The yield on the 10-year U.S. Treasury note rose to 3.22% on Friday, continuing a bond selloff, as investors reacted to an ultra-low 3.7% unemployment rate and an annual 2.8% hourly wage gain, both indicators signaling continuing strength in the underlying U.S. economy, solidifying expectations of another rate hike by the U.S. Federal Reserve Board before year-end. Lower-than-expected job creation of 134,000 new payrolls in September was attributed to temporary labour market distortions in the wake of Hurricane Florence. North of the border, Statistics Canada’s monthly Labour Force Survey showed a gain of 63,000 jobs in September, continuing a recent volatile trend in monthly jobs data.
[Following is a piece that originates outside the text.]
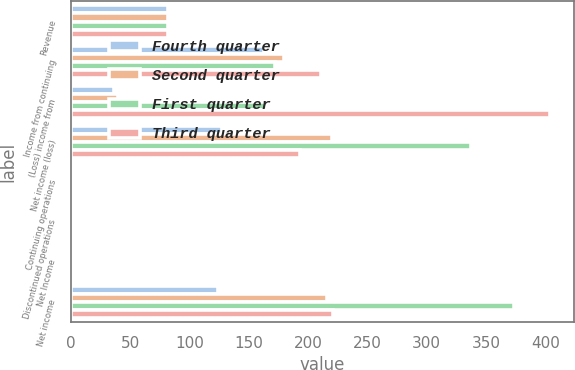<chart> <loc_0><loc_0><loc_500><loc_500><stacked_bar_chart><ecel><fcel>Revenue<fcel>Income from continuing<fcel>(Loss) income from<fcel>Net income (loss)<fcel>Continuing operations<fcel>Discontinued operations<fcel>Net Income<fcel>Net income<nl><fcel>Fourth quarter<fcel>82<fcel>163<fcel>36<fcel>127<fcel>0.57<fcel>0.13<fcel>0.44<fcel>124<nl><fcel>Second quarter<fcel>82<fcel>180<fcel>40<fcel>220<fcel>0.63<fcel>0.14<fcel>0.77<fcel>216<nl><fcel>First quarter<fcel>82<fcel>172<fcel>165<fcel>337<fcel>0.54<fcel>0.58<fcel>1.13<fcel>374<nl><fcel>Third quarter<fcel>82<fcel>211<fcel>404<fcel>193<fcel>0.68<fcel>1.46<fcel>0.78<fcel>221<nl></chart> 
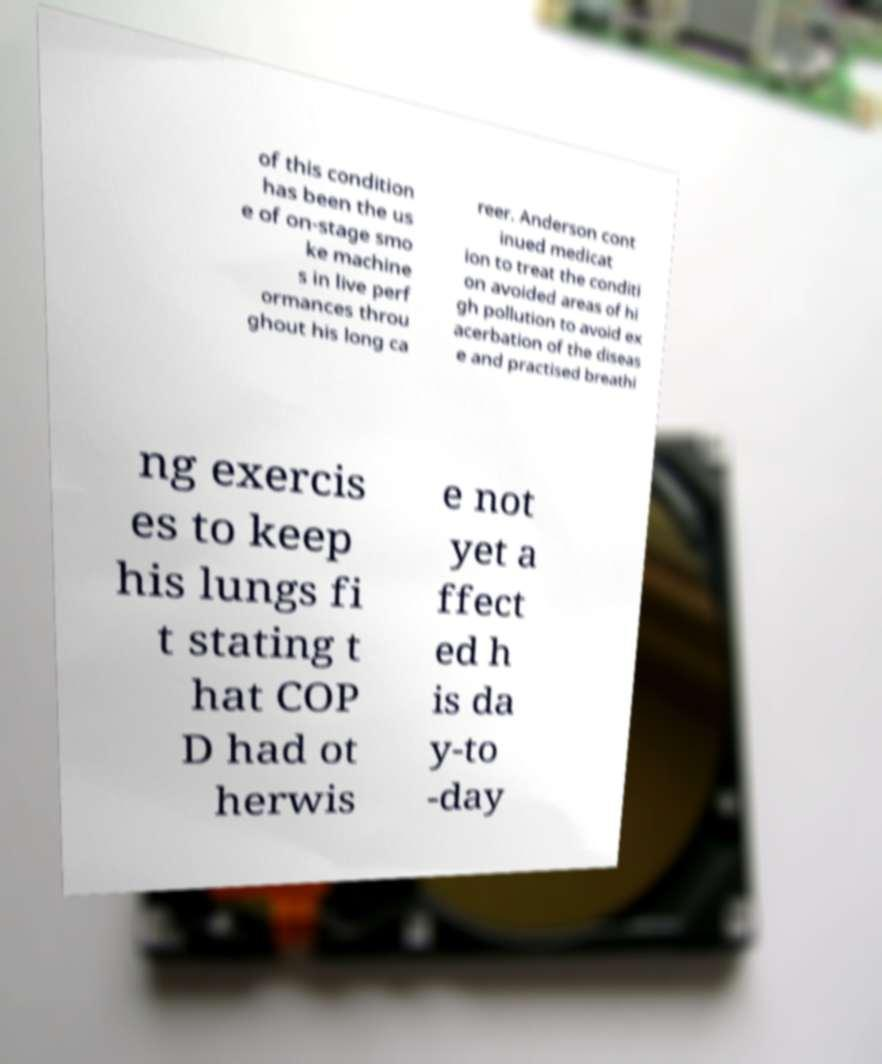For documentation purposes, I need the text within this image transcribed. Could you provide that? of this condition has been the us e of on-stage smo ke machine s in live perf ormances throu ghout his long ca reer. Anderson cont inued medicat ion to treat the conditi on avoided areas of hi gh pollution to avoid ex acerbation of the diseas e and practised breathi ng exercis es to keep his lungs fi t stating t hat COP D had ot herwis e not yet a ffect ed h is da y-to -day

Average hourly wage growth edged down to 2.2% in the month from 2.6% in August, while the unemployment rate ticked down to 5.9% from 6.0%. With investors selling equities in lockstep with U.S. markets, Toronto’s S&P/TSX Composite Index consequently posted a 0.8% decline on the week, despite a 1.2% gain in the price of WTI crude oil and a 1.0% uptick in the price of gold. The big blue-chip S&P 500 Composite Index retreated 1.0%. The Nasdaq Composite Index lost the most ground on the week, dropping 3.2%, driven mainly by losses in high-growth technology and Internet issues.

FUND NEWS

* Hamilton Capital launches bank ETF. Hamilton Capital Partners Inc. this past week debuted its Hamilton Capital Canadian Bank Dynamic-Weight ETF (TSX: HCB), investing in Canadian banks and using a rules-based “mean reversion” portfolio rebalancing methodology in an effort to improve the return potential. As for portfolio strategy, Hamilton stated in a release, “HCB will seek to achieve its investment objective by applying a dynamic re-weighting strategy to a portfolio of the six largest Canadian banks. Each month, the portfolio will overweight the three most oversold banks from the prior month and underweight the three most overbought.”